Another key moment in the trial came when jurors heard from a second Alaska Native woman who said Perzechino sexually assaulted her too, in a nearly identical manner along the Sterling Highway, in 2016. In both cases, the victim was a young Alaska Native woman from rural Alaska and unfamiliar with the road system, the prosecutor said.
That woman said she had agreed to travel from Anchorage to Sterling to spend a few days helping Perzechino and his girlfriend around the house. She said the assault occurred when Perzechino was giving her a ride in his vehicle. The woman is not being named here because she is a potential victim of sexual assault. She reported the encounter to police but Perzechino was not charged with a crime at the time.

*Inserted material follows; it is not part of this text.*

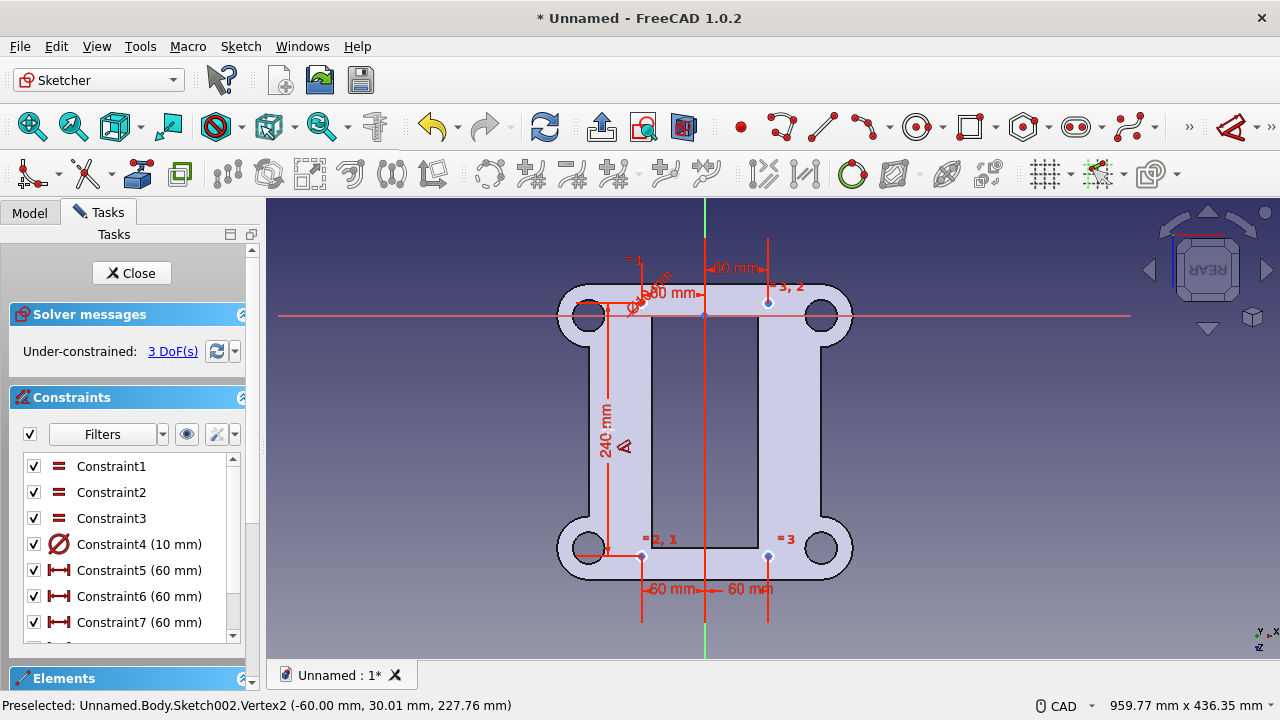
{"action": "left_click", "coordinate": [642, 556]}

A jury of seven men and five women decided the case Wednesday.
[Earlier coverage: She leapt from a van on the Kenai Peninsula to escape her rapist. Then she waited 18 years for an arrest.]
Perzechino, now 59, submitted a sample of his DNA to authorities as early as 2012, when he was taken into custody for attempting to solicit a prostitute in Anchorage and pleaded no contest to the charge, according to log notes of trial testimony.
Sattler testified for a day and a half, with the jury also hearing from Perzechino’s ex-wife, who said he came home the night of the 2001 sexual assault and said a woman had jumped out of his car but did not admit at the time to sexually assaulting her.
The couple never reported the incident to police and later divorced. The rape was never made public.
Perzechino ran the Iditarod three years later, in 2004, but did not finish the race and did not enter again. Pevehouse, the defense attorney, asked the jury to consider why someone who was guilty of rape would ever subject himself to the statewide and even global spotlight of the Iditarod.
Gruenstein argued that Perzechino displayed a pattern of preying on two Alaska Native women by offering them rides and then attacking them in his parked vehicle. The defense sought to discredit both women and brought in a forensic nurse who criticized the findings of the initial sexual assault exam of Sattler.
Sattler said it was hard to endure the defense’s arguments but that she is grateful for the outcome of the trial. “This has haunted me for almost 20 years,” she said. “Finally justice has caught up with him. I hope I can now put this behind me and move on with my life.”
Perzechino did not testify. As he sat listening to the verdict at about 4:30 p.m. Wednesday, he gave a series of sharp looks as the judge read the guilty verdict for each of two counts of sexual assault and a count of kidnapping.